2.18     Amendment Date. A new definition of “Amendment Date” is hereby added to Section 13.1 of the Loan Agreement as follows:

“ ‘Amendment Date’ is December 27, 2011.”

2.19     Operating Accounts. Section 6.8 of the Loan Agreement, which presently reads as follows:

“(a) Maintain all of its and all of its Subsidiaries’ operating and other deposit accounts, securities accounts, and any other accounts at which Borrower or its Subsidiaries maintain funds or investments (including without limitation any Collateral Accounts, but excluding the Auction Rate Securities (UBS)) with Bank and Bank’s Affiliates.
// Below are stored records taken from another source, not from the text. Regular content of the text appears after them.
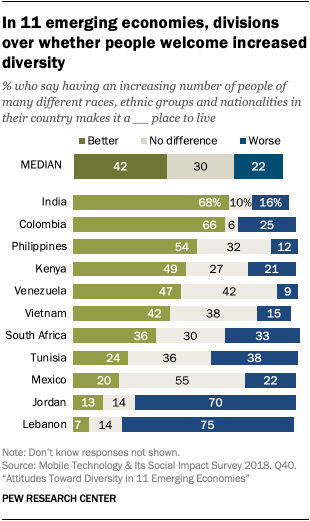Identify some key points in this picture. According to a survey conducted in India, 68% of the population believes that having a growing number of people from various races, ethnic groups, and nationalities in their country makes it a better place to live. In India, a higher number of people is perceived as making the country a worse place to live, with a value of 0.09. In Colombia, the same perception is held, but the value is lower at 0.03. 
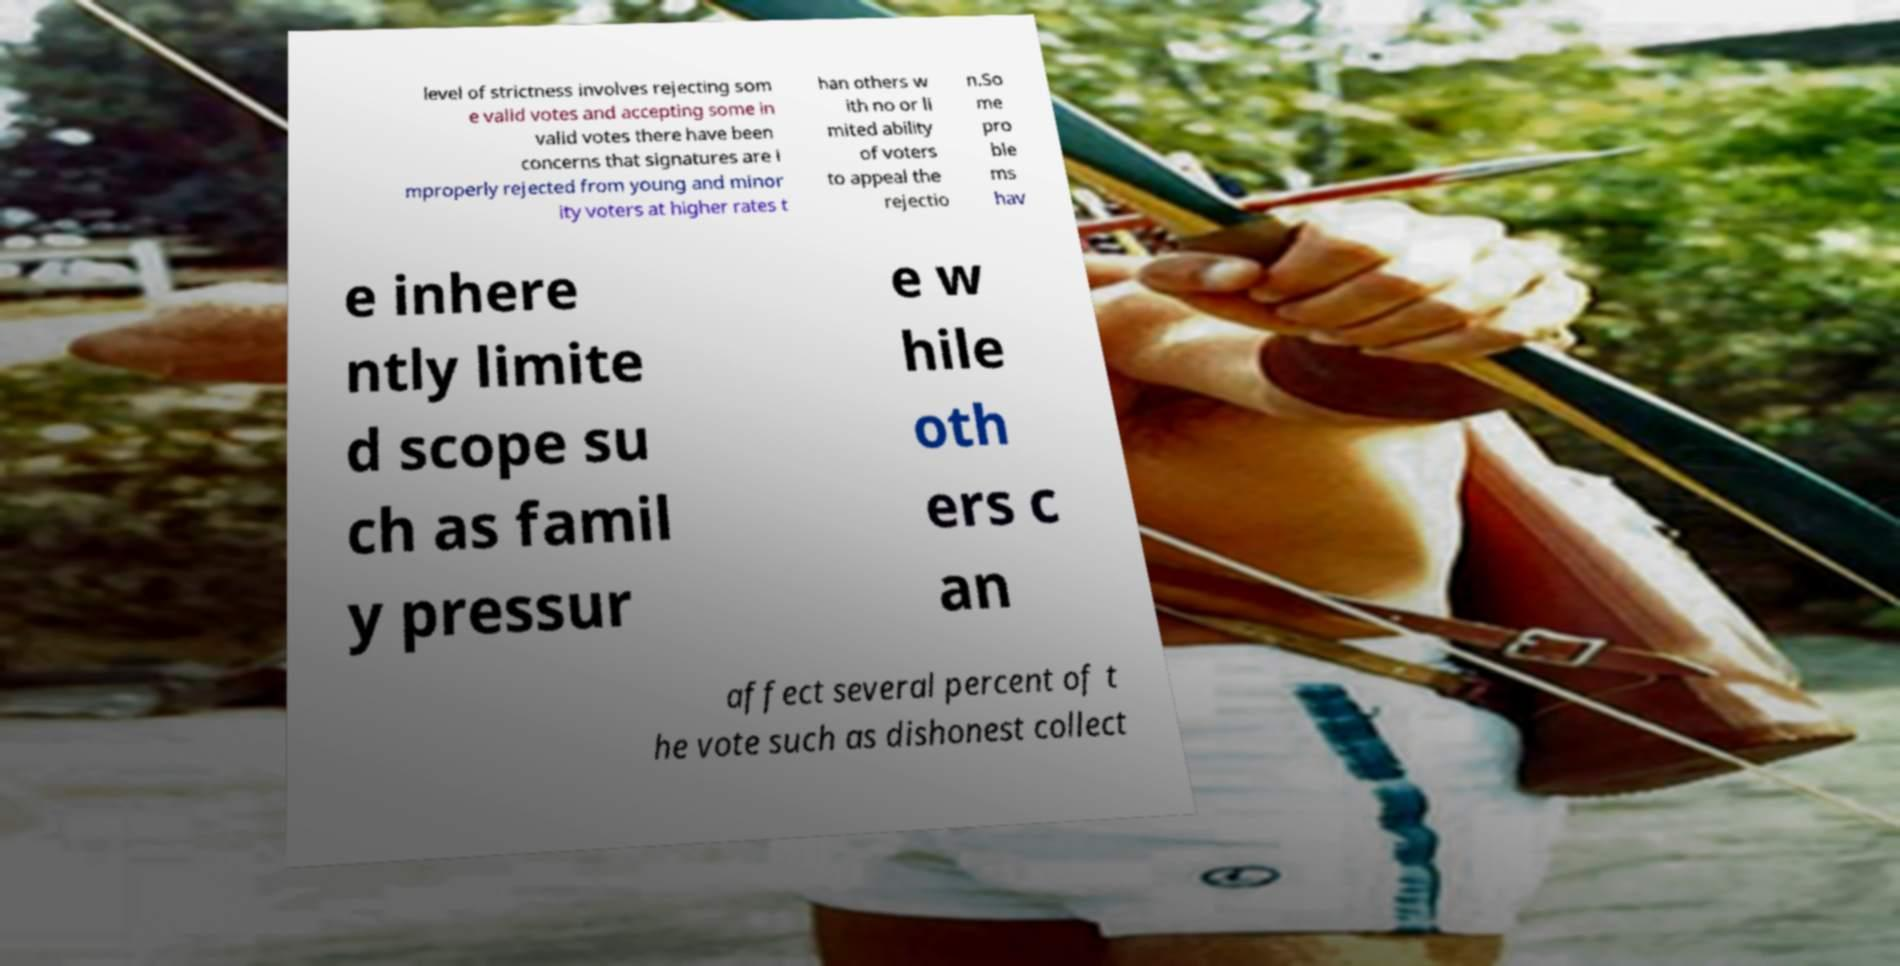Please identify and transcribe the text found in this image. level of strictness involves rejecting som e valid votes and accepting some in valid votes there have been concerns that signatures are i mproperly rejected from young and minor ity voters at higher rates t han others w ith no or li mited ability of voters to appeal the rejectio n.So me pro ble ms hav e inhere ntly limite d scope su ch as famil y pressur e w hile oth ers c an affect several percent of t he vote such as dishonest collect 
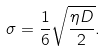<formula> <loc_0><loc_0><loc_500><loc_500>\sigma = \frac { 1 } { 6 } \sqrt { \frac { \eta D } { 2 } } .</formula>

“(b) Without limitation on subsection ‘a’ above, (i) provide Bank five (5) days prior written notice before establishing any Collateral Account at or with any bank or financial institution other than Bank or Bank’s Affiliates, and (ii) for each Collateral Account that Borrower at any time maintains, Borrower shall cause the applicable bank or financial institution (other than Bank) at or with which any Collateral Account is maintained to execute and deliver a Control Agreement or other appropriate instrument with respect to such Collateral Account to perfect Bank’s Lien in such Collateral Account in accordance with the terms hereunder. The provisions of ‘ii’ of the previous sentence shall not apply to (y) deposit accounts exclusively used for payroll, payroll taxes and other employee wage and benefit payments to or for the benefit of Borrower’s employees and identified to Bank by Borrower as such, or (z) the Auction Rate Securities (UBS).”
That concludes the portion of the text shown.